Since bitcoin doesn’t pay dividends or interest, its price is driven entirely by supply and demand.

It seems likely that a lot of the demand has been from people hoping to benefit from future price rises rather than use bitcoin as a means of exchange. In other words it’s purely speculative.

In that regard cryptocurrency bears some resemblance to speculative bubbles we’ve seen in the past – most famously tulipomania in the 17th century, when a single tulip bulb changed hands for the equivalent of 10 years’ wages.

We certainly don’t understand the bitcoin price – except as a classic speculative mania. If that’s the case, predicting the point at which demand subsides and prices begin to fall is very difficult, if not impossible. That makes buy and sell decisions just as challenging.

Am I comfortable with the ups and the downs of bitcoin?

It’s easy to look at the bitcoin graph and see the ups. But don’t lose sight of the downs.

The most recent price increase means it’s barely a blip on the chart now, but between 17 December 2017 and 15 December 2018 the price of bitcoin fell from $19,783 to $3,195 – an 83.8% decline. It didn’t return to its 2017 high until December 2020. Bitcoin is certainly not a one-way bet.

Bitcoin has also been very volatile. Daily swings of 10% or more, up and down, are not uncommon. It’s worth asking yourself how you would feel if you lost 20% or even 50% of your money in a matter of days, because this is perfectly possible.

These price swings happen because there’s no widely accepted way to value bitcoin. Unlike shares, bonds or cash accounts, bitcoin doesn’t pay dividends or interest. With no underlying ‘value’, price is driven only by the interaction of supply and demand. From a purely theoretical point of view, a price tag of $2 makes as much sense as $200,000.

The Financial Conduct Authority (FCA) – responsible for regulating financial services firms in the UK – recently said that cryptocurrencies “have no reliable basis for valuation” and that’s a view we wholeheartedly support.

That makes bitcoin a speculative bet rather than an investment in the conventional sense. It’s important not to confuse the two.

Is there a way to invest in bitcoin that works for me?

There are several different ways to invest in bitcoin. However, it’s important to be aware of the risks associated with each.

The most obvious way to invest is to buy the currency directly. However, that makes individual investors responsible for the security of their bitcoin – since the key is stored on your computer.

There have been lots of examples of hackers stealing keys from bitcoin exchanges and miners. With the increasing value of bitcoin, individual investors are becoming more attractive targets, especially as they lack the sophisticated internet security of large companies.
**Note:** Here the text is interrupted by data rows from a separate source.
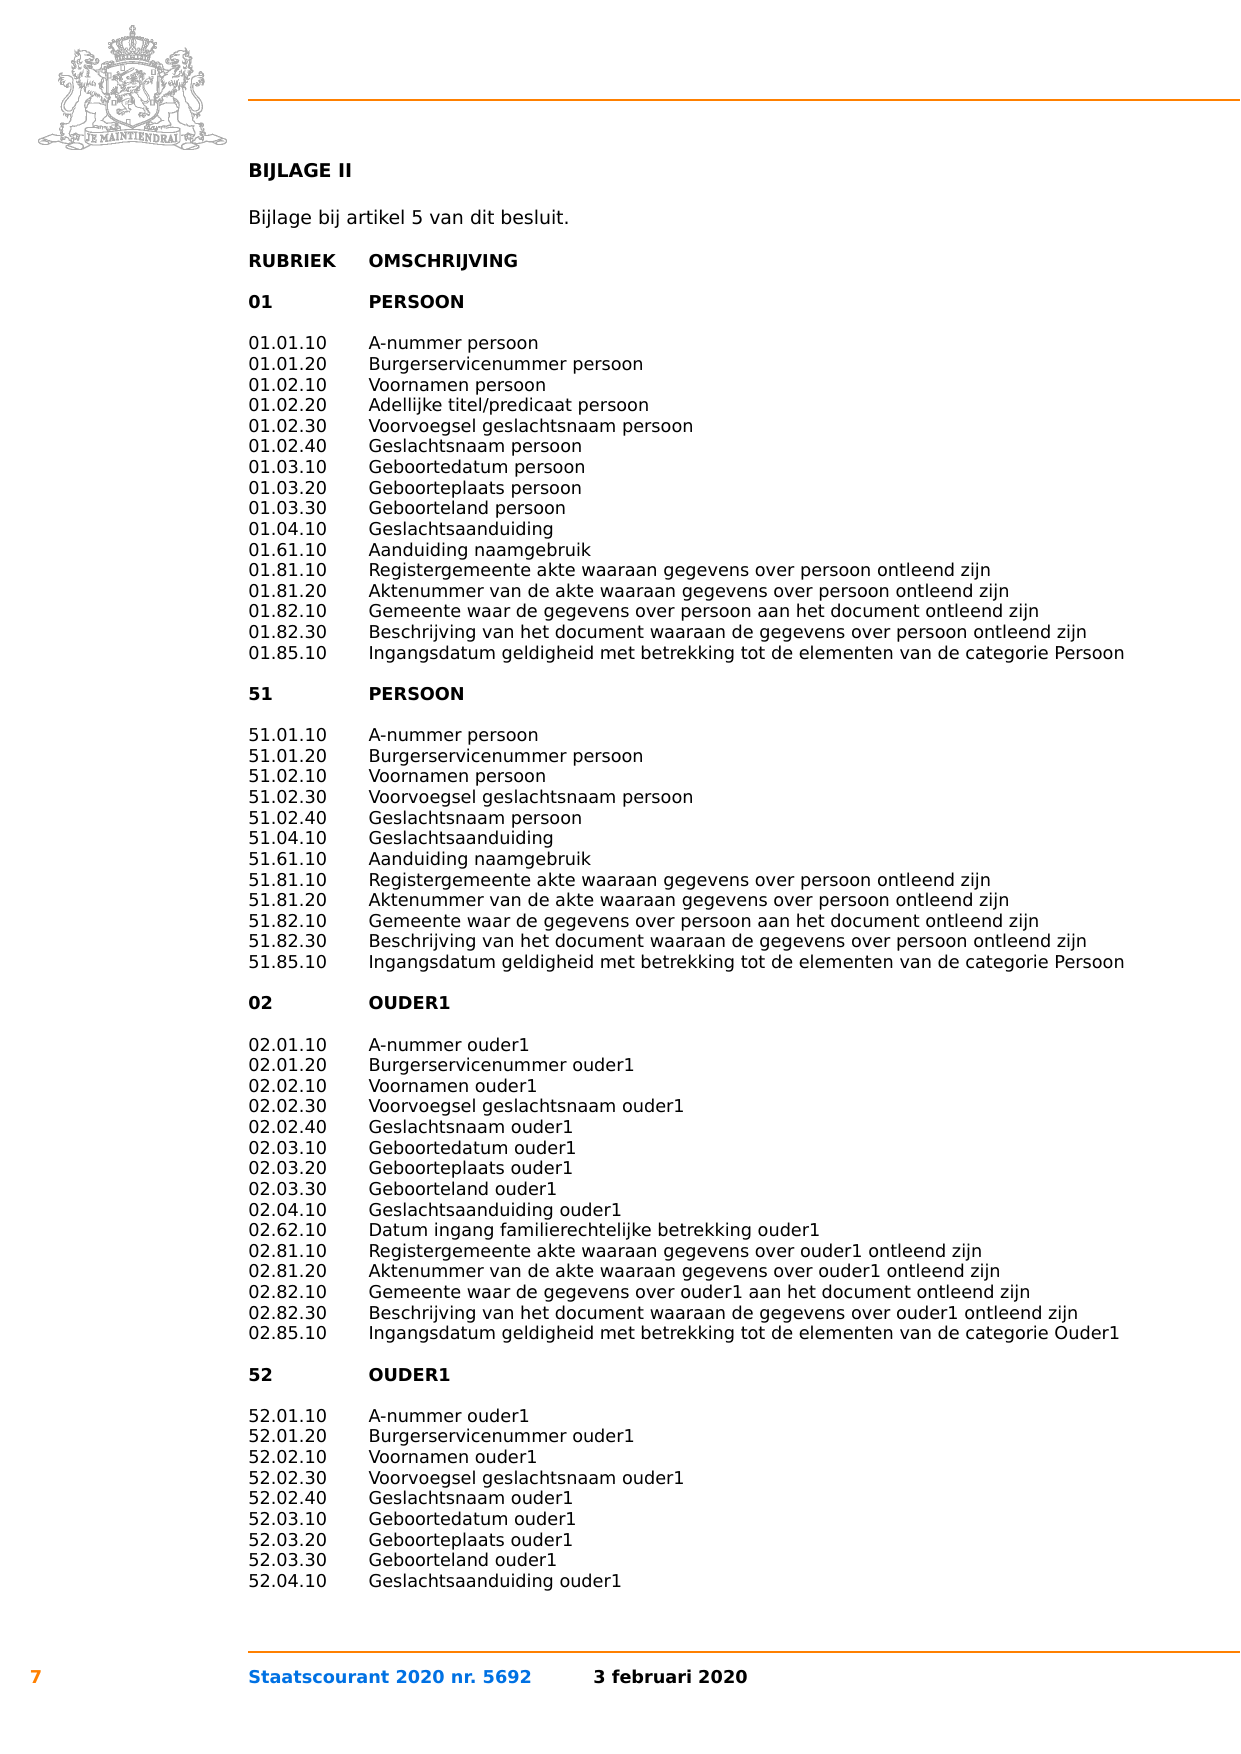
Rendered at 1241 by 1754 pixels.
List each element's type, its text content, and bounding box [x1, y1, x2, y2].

table_cell 51.82.30 [248, 931, 362, 952]
table_cell 02.03.10 [248, 1138, 362, 1158]
table_cell 51.01.10 [248, 725, 362, 746]
table_cell 52.01.10 [248, 1406, 362, 1426]
table_cell Datum ingang familierechtelijke betrekking ouder1 [363, 1220, 1163, 1241]
table_cell 01 [248, 292, 362, 313]
table_cell Voorvoegsel geslachtsnaam persoon [363, 787, 1163, 808]
table_cell 02.02.40 [248, 1117, 362, 1138]
table_cell 02.81.10 [248, 1241, 362, 1261]
table_cell 51.61.10 [248, 849, 362, 869]
table_cell Geslachtsaanduiding ouder1 [363, 1571, 1163, 1591]
table_cell Registergemeente akte waaraan gegevens over persoon ontleend zijn [363, 560, 1163, 581]
table_cell 01.04.10 [248, 519, 362, 539]
table_cell Aktenummer van de akte waaraan gegevens over ouder1 ontleend zijn [363, 1261, 1163, 1282]
table_cell 02.85.10 [248, 1323, 362, 1344]
table_cell [363, 1385, 1163, 1406]
table_cell PERSOON [363, 292, 1163, 313]
table_cell 51.01.20 [248, 746, 362, 766]
table_cell 02.01.10 [248, 1035, 362, 1055]
table_cell OUDER1 [363, 993, 1163, 1014]
table_cell 52.04.10 [248, 1571, 362, 1591]
table_cell 02.03.20 [248, 1158, 362, 1179]
subtitle BIJLAGE II [248, 160, 1163, 182]
table_cell Burgerservicenummer persoon [363, 746, 1163, 766]
table_cell 01.01.10 [248, 333, 362, 354]
table_cell [363, 1344, 1163, 1364]
table_cell [248, 1385, 362, 1406]
table_cell Adellijke titel/predicaat persoon [363, 395, 1163, 416]
table_cell Gemeente waar de gegevens over persoon aan het document ontleend zijn [363, 911, 1163, 931]
table_cell 01.61.10 [248, 540, 362, 560]
table_cell Burgerservicenummer ouder1 [363, 1426, 1163, 1447]
table_cell [363, 271, 1163, 292]
table_cell [363, 313, 1163, 333]
table_cell [248, 705, 362, 725]
text Bijlage bij artikel 5 van dit besluit. [248, 207, 1163, 229]
table_cell 52.02.30 [248, 1468, 362, 1488]
table_cell Geboortedatum ouder1 [363, 1509, 1163, 1529]
table_cell 51.82.10 [248, 911, 362, 931]
table_header RUBRIEK [248, 251, 362, 271]
table_cell 02.81.20 [248, 1261, 362, 1282]
table_cell 01.02.10 [248, 375, 362, 395]
table_cell Beschrijving van het document waaraan de gegevens over persoon ontleend zijn [363, 622, 1163, 643]
table_cell OUDER1 [363, 1365, 1163, 1385]
table_cell [248, 973, 362, 993]
table_cell 01.02.40 [248, 436, 362, 457]
table_cell Beschrijving van het document waaraan de gegevens over ouder1 ontleend zijn [363, 1303, 1163, 1323]
table_cell 01.02.30 [248, 416, 362, 436]
table_cell 52.03.30 [248, 1550, 362, 1571]
table_cell Aanduiding naamgebruik [363, 849, 1163, 869]
table_cell 02 [248, 993, 362, 1014]
table_cell 51.81.20 [248, 890, 362, 911]
table_cell 51.02.30 [248, 787, 362, 808]
table_cell 02.82.10 [248, 1282, 362, 1303]
table_cell 51.02.40 [248, 808, 362, 828]
table_cell 52.01.20 [248, 1426, 362, 1447]
table_cell Voornamen ouder1 [363, 1076, 1163, 1096]
table_cell Geboortedatum persoon [363, 457, 1163, 478]
table_cell Geboorteland ouder1 [363, 1179, 1163, 1199]
table_cell [363, 663, 1163, 684]
table_cell 01.03.10 [248, 457, 362, 478]
table_cell [248, 1344, 362, 1364]
table_cell 01.01.20 [248, 354, 362, 374]
table_cell Geslachtsnaam persoon [363, 808, 1163, 828]
table_cell Geslachtsaanduiding [363, 828, 1163, 849]
table_cell Registergemeente akte waaraan gegevens over ouder1 ontleend zijn [363, 1241, 1163, 1261]
table_cell Voorvoegsel geslachtsnaam persoon [363, 416, 1163, 436]
table_cell 02.02.30 [248, 1096, 362, 1117]
table_cell 51.81.10 [248, 870, 362, 890]
table_cell Ingangsdatum geldigheid met betrekking tot de elementen van de categorie Persoon [363, 643, 1163, 663]
table_cell Voorvoegsel geslachtsnaam ouder1 [363, 1096, 1163, 1117]
table_cell Burgerservicenummer ouder1 [363, 1055, 1163, 1076]
table_cell 01.03.20 [248, 478, 362, 498]
table_cell A-nummer persoon [363, 333, 1163, 354]
table_cell 01.03.30 [248, 498, 362, 519]
table_cell Geboortedatum ouder1 [363, 1138, 1163, 1158]
table_cell [363, 705, 1163, 725]
table_cell [248, 313, 362, 333]
table_cell 01.82.10 [248, 601, 362, 622]
table_cell [363, 1014, 1163, 1034]
table_cell 01.81.20 [248, 581, 362, 601]
table_cell Geboorteland ouder1 [363, 1550, 1163, 1571]
table_cell Aktenummer van de akte waaraan gegevens over persoon ontleend zijn [363, 581, 1163, 601]
table_cell Geslachtsnaam ouder1 [363, 1117, 1163, 1138]
table_cell Registergemeente akte waaraan gegevens over persoon ontleend zijn [363, 870, 1163, 890]
table_cell [248, 663, 362, 684]
table_cell A-nummer persoon [363, 725, 1163, 746]
table_cell Gemeente waar de gegevens over persoon aan het document ontleend zijn [363, 601, 1163, 622]
table_cell Geslachtsaanduiding ouder1 [363, 1200, 1163, 1220]
table_cell 52.03.10 [248, 1509, 362, 1529]
table_cell 02.62.10 [248, 1220, 362, 1241]
table_cell 51 [248, 684, 362, 704]
table_cell 02.82.30 [248, 1303, 362, 1323]
table_cell 51.02.10 [248, 766, 362, 787]
table_cell Burgerservicenummer persoon [363, 354, 1163, 374]
table_cell 02.02.10 [248, 1076, 362, 1096]
table_cell 02.01.20 [248, 1055, 362, 1076]
table_cell 51.85.10 [248, 952, 362, 973]
table_cell Geslachtsaanduiding [363, 519, 1163, 539]
table_cell Geboorteplaats ouder1 [363, 1158, 1163, 1179]
table_cell Aanduiding naamgebruik [363, 540, 1163, 560]
table_cell Aktenummer van de akte waaraan gegevens over persoon ontleend zijn [363, 890, 1163, 911]
table_cell A-nummer ouder1 [363, 1035, 1163, 1055]
picture [38, 25, 227, 150]
table_cell [248, 1014, 362, 1034]
table_cell PERSOON [363, 684, 1163, 704]
table_cell Voorvoegsel geslachtsnaam ouder1 [363, 1468, 1163, 1488]
table_cell [363, 973, 1163, 993]
table_cell 01.81.10 [248, 560, 362, 581]
table_cell 01.02.20 [248, 395, 362, 416]
table_cell 52.03.20 [248, 1530, 362, 1550]
table_cell Geboorteplaats persoon [363, 478, 1163, 498]
table_header OMSCHRIJVING [363, 251, 1163, 271]
table_cell 02.03.30 [248, 1179, 362, 1199]
table_cell 52.02.10 [248, 1447, 362, 1468]
table_cell Voornamen persoon [363, 375, 1163, 395]
table_cell 01.85.10 [248, 643, 362, 663]
table_cell Geslachtsnaam ouder1 [363, 1488, 1163, 1509]
table_cell Voornamen persoon [363, 766, 1163, 787]
table_cell Geboorteplaats ouder1 [363, 1530, 1163, 1550]
table_cell 01.82.30 [248, 622, 362, 643]
table_cell 02.04.10 [248, 1200, 362, 1220]
table_cell Geboorteland persoon [363, 498, 1163, 519]
table_cell Ingangsdatum geldigheid met betrekking tot de elementen van de categorie Persoon [363, 952, 1163, 973]
table_cell 52 [248, 1365, 362, 1385]
table_cell Geslachtsnaam persoon [363, 436, 1163, 457]
table_cell Beschrijving van het document waaraan de gegevens over persoon ontleend zijn [363, 931, 1163, 952]
table_cell A-nummer ouder1 [363, 1406, 1163, 1426]
table_cell Gemeente waar de gegevens over ouder1 aan het document ontleend zijn [363, 1282, 1163, 1303]
table_cell [248, 271, 362, 292]
table_cell 52.02.40 [248, 1488, 362, 1509]
table_cell Ingangsdatum geldigheid met betrekking tot de elementen van de categorie Ouder1 [363, 1323, 1163, 1344]
table_cell Voornamen ouder1 [363, 1447, 1163, 1468]
table_cell 51.04.10 [248, 828, 362, 849]
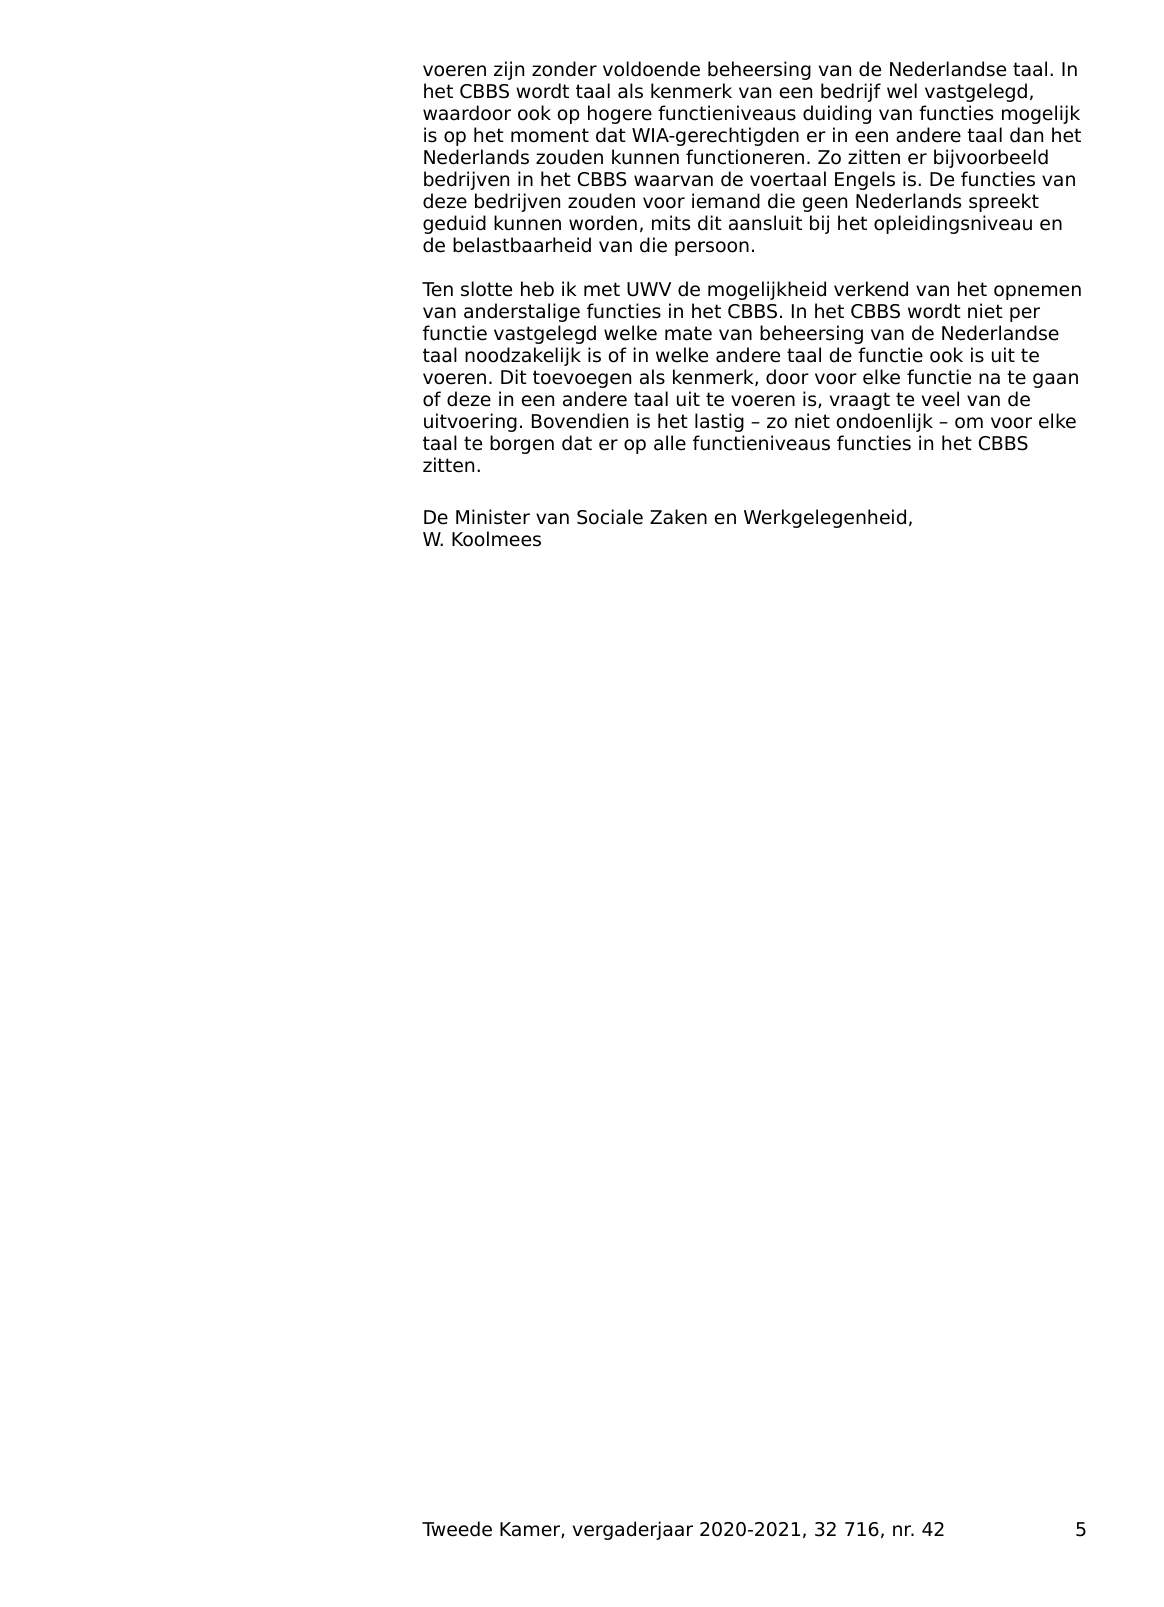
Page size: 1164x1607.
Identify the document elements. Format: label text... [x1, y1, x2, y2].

text De Minister van Sociale Zaken en Werkgelegenheid, W. Koolmees [422, 507, 1087, 551]
text voeren zijn zonder voldoende beheersing van de Nederlandse taal. In het CBBS wordt taal als kenmerk van een bedrijf wel vastgelegd, waardoor ook op hogere functieniveaus duiding van functies mogelijk is op het moment dat WIA-gerechtigden er in een andere taal dan het Nederlands zouden kunnen functioneren. Zo zitten er bijvoorbeeld bedrijven in het CBBS waarvan de voertaal Engels is. De functies van deze bedrijven zouden voor iemand die geen Nederlands spreekt geduid kunnen worden, mits dit aansluit bij het opleidingsniveau en de belastbaarheid van die persoon. [422, 59, 1087, 257]
text Ten slotte heb ik met UWV de mogelijkheid verkend van het opnemen van anderstalige functies in het CBBS. In het CBBS wordt niet per functie vastgelegd welke mate van beheersing van de Nederlandse taal noodzakelijk is of in welke andere taal de functie ook is uit te voeren. Dit toevoegen als kenmerk, door voor elke functie na te gaan of deze in een andere taal uit te voeren is, vraagt te veel van de uitvoering. Bovendien is het lastig – zo niet ondoenlijk – om voor elke taal te borgen dat er op alle functieniveaus functies in het CBBS zitten. [422, 279, 1087, 477]

Again the FCA has actively warned about the “prevalence of market abuse and financial crime” in the market. Crucially, because cryptocurrencies are unregulated those who buy them cannot apply to financial regulators for help should something go wrong – either in terms of compensation or to take action against mis-selling.

We also have worries about liquidity.

This is the ability to change investments back into cash when you want too. Over the last year it’s been common for less than $200m of bitcoin to be traded worldwide in a given day. By comparison $6bn of Microsoft shares can trade in a day. This means in a big sell off you could struggle to find a buyer for your bitcoin, leaving you stuck with it even as the price tumbles.

Where does that leave bitcoin?

Given how difficult it is to value bitcoin, it’s almost impossible to make a call on the current price or its future direction.

However, cryptocurrencies in general are clearly subject to their own risks, over and above those of more mainstream investments. It’s important investors are aware of them.

As with any highly speculative investment, if you do decide to invest we would suggest that cryptocurrency shouldn’t make up more than a very small proportion of your total portfolio. Nor should you invest any money you can’t afford to lose.

Ultimately, we think the FCA sum it up nicely. “If consumers invest in these types of product, they should be prepared to lose all their money.”